New research has pointed to a 429% jump for sales of corporate login details on the darkweb, suggesting hackers will continue to look to exploiting login details from organisations for an easy pay-day.
The figures come from Arctic Wolf who published its Security operations Annual Report for the year of 2020, saying that the sale of corporate login and password information has skyrocketed in the past 12-months.
Among its key takeaways, authors of the report state that there has been a 429% increase since March of “cleartext usernames and passwords found to be exposed on the dark web.” The increase is due to the fact that there “are situations where personally identifiable information (PII), corporate credentials, and other sensitive information makes its way onto the dark web in plain text. This high-value data is bought and sold by threat actors who execute phishing, credential stuffing and brute-force attacks against the individuals and organisations.”
“This high-value data is bought and sold by threat actors who execute phishing, credential stuffing and brute-force attacks against the individuals and organisations.”
The problem is made worse by the fact that numbers from LastPass state that while 91% of respondents know they should not replicate or reuse their passwords across multiple accounts, yet, 75% continue to do so anyway.
The report also states “since March, the number of connections to open WIFI networks increased by 243 percent. Without proper controls in place, geographically dispersed workforces face increased risks of attacks on unsecured networks.”

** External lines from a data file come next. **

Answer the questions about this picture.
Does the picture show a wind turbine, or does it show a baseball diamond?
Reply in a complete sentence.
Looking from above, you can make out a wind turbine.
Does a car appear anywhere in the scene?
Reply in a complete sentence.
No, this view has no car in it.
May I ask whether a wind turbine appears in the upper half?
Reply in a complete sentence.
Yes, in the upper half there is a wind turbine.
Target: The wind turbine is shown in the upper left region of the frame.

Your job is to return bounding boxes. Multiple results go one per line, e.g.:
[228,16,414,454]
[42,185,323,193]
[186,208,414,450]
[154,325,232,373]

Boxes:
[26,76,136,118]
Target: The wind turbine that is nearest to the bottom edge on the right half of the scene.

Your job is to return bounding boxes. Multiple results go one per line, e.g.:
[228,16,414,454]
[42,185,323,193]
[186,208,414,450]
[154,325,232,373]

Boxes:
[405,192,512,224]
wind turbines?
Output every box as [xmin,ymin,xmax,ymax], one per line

The team at Arctic Wolf state that in light of the pandemic forcing a number of organisations to work more remotely, they have identified five key themes. They say that the “forced dispersion of the workforce has increased business email compromises,” and that “ransomware operators are becoming highly effective in targeting specific companies.”
They also state that “traditional patching timelines are no longer acceptable,” adding that “misconfigurations are leaving cloud environments vulnerable,” and concluding that it’s essential organisations “remain vigilant in the face of increasing account takeover (ATO) attacks.” The report says that on average, organisations were taking 40 days to address and patch vulnerabilities in their network.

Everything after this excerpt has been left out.